European Others offers an interrogation into the position of racialized communities in the European Union, arguing that the tension between a growing nonwhite, non-Christian population and insistent essentialist definitions of Europeanness produces new forms of identity and activism. Moving beyond disciplinary and national limits, Fatima El-Tayeb explores structures of resistance, tracing a Europeanization from below in which migrant and minority communities challenge the ideology of racelessness that places them firmly outside the community of citizens.

Using a notable variety of sources, from drag performances to feminist Muslim activism and Euro hip-hop, El-Tayeb draws on the largely ignored archive of vernacular culture central to resistance by minority youths to the exclusionary nationalism that casts them as threatening outcasts. At the same time, she reveals the continued effect of Europe’s suppressed colonial history on the representation of Muslim minorities as the illiberal Other of progressive Europe.

Presenting a sharp analysis of the challenges facing a united Europe seen by many as a model for twenty-first-century postnational societies, El-Tayeb combines theoretical influences from both sides of the Atlantic to lay bare how Europeans of color are integral to the continent’s past, present, and, inevitably, its future.

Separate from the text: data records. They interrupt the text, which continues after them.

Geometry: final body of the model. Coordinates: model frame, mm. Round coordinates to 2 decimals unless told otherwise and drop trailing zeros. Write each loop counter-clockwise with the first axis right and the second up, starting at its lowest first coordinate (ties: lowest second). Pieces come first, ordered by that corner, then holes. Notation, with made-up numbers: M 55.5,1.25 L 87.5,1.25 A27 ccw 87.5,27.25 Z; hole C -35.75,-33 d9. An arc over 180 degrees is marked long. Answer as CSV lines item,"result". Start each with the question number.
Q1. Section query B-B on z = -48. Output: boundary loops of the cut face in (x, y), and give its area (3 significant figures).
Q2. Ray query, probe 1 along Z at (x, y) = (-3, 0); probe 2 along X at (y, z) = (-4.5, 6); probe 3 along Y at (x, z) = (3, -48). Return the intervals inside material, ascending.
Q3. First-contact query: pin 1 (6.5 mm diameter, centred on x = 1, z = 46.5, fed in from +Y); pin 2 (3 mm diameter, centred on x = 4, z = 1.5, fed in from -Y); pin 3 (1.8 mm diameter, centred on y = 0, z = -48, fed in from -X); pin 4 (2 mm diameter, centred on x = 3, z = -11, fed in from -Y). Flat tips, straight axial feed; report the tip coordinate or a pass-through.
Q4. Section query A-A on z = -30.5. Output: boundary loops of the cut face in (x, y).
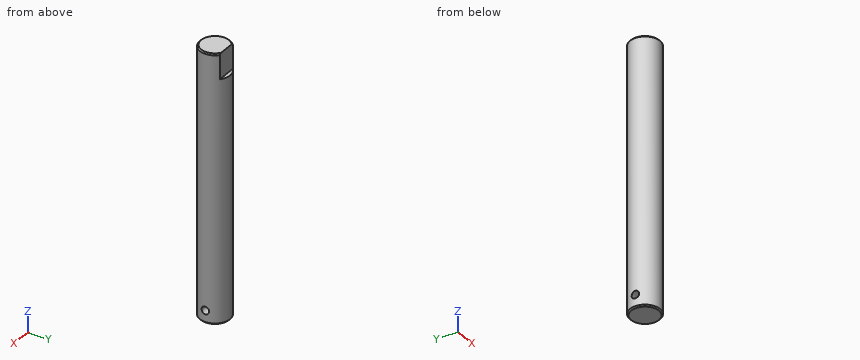
```python
from build123d import *

# Parameters (mm, degrees)
SKETCH1_R              = 6
SHAFT_DEPTH            = 53
HOLE_REACH             = 8
SKETCH2_R              = 1.5
HOLE_DIRECTION_2_REACH = 8
F_0_5X45_CHAMFERS_SIZE = 0.5
FLAT_DEPTH             = 10


with BuildPart() as part:
    # Sketch1 → Shaft (new body, symmetric)
    with BuildSketch(Plane.XY):
        Circle(SKETCH1_R)
    extrude(amount=SHAFT_DEPTH, both=True)

    # Sketch2 → Hole (cut, up to next)
    with BuildSketch(Plane(origin=(0, 0, 0), x_dir=(0, 0, -1), z_dir=(1, 0, 0)), mode=Mode.PRIVATE) as hole_sk1:
        with Locations((48, 0)):
            Circle(SKETCH2_R)
    hole_tool1 = extrude(hole_sk1.sketch, amount=-HOLE_REACH, mode=Mode.PRIVATE) & part.part
    add(hole_tool1.solids().sort_by_distance((0, 0, -48))[0], mode=Mode.SUBTRACT)

    # Sketch2 → Hole direction 2 (cut, up to next)
    with BuildSketch(Plane(origin=(0, 0, 0), x_dir=(0, 0, -1), z_dir=(1, 0, 0)), mode=Mode.PRIVATE) as hole_direction_2_sk1:
        with Locations((48, 0)):
            Circle(SKETCH2_R)
    hole_direction_2_tool1 = extrude(hole_direction_2_sk1.sketch, amount=HOLE_DIRECTION_2_REACH, mode=Mode.PRIVATE) & part.part
    add(hole_direction_2_tool1.solids().sort_by_distance((0, 0, -48))[0], mode=Mode.SUBTRACT)

    # 0.5x45 Chamfers
    f_0_5x45_chamfers_edges = [part.edges().sort_by_distance(p)[0] for p in [
        (-6, 0, -53),
        (-6, 0, 53),
    ]]
    chamfer(f_0_5x45_chamfers_edges, length=F_0_5X45_CHAMFERS_SIZE)

    # Sketch4 → Flat (cut)
    with BuildSketch(Plane.XY.offset(53)):
        with BuildLine():
            Line((-3.968626967, 4.5), (3.968626967, 4.5))
            ThreePointArc((3.968626967, 4.5), (0, 6), (-3.968626967, 4.5))
        make_face()
    extrude(amount=-FLAT_DEPTH, mode=Mode.SUBTRACT)


solid = part.part
```
Entries:
1,outline,"M -5.81,-1.5 A6 ccw 5.81,-1.5 Z; M -5.81,1.5 L 5.81,1.5 A6 ccw Z"
1,area,"77.5 mm^2"
2,probe 1,"z = -53 to -49.5, -46.5 to 53"
2,probe 2,"x = -3.97 to 3.97"
2,probe 3,"y = -5.2 to -1.5, 1.5 to 5.2"
3,pin 1,"stops at y = 4.5"
3,pin 2,"stops at y = -5.45"
3,pin 3,"passes through"
3,pin 4,"stops at y = -5.66"
4,outline,"C 0,0 d12"

*Fatima El-Tayeb is associate professor in the departments of literature and ethnic studies and associate director of critical gender studies at the University of California, San Diego. Her most recent publications include European Others. Queering Ethnicity in Postnational Europe (University of Minnesota Press 2011),  “‘Gays who cannot properly be gay’: Queer Muslims in the neoliberal European City,” in European Journal of Women’s Studies, 2011, and “‘The Forces of Creolization.’ Colorblindness and Visible Minorities in the New Europe,” in Françoise Lionnet, Shu-mei Shi (eds), The Creolization of Theory, (Duke University Press 2011).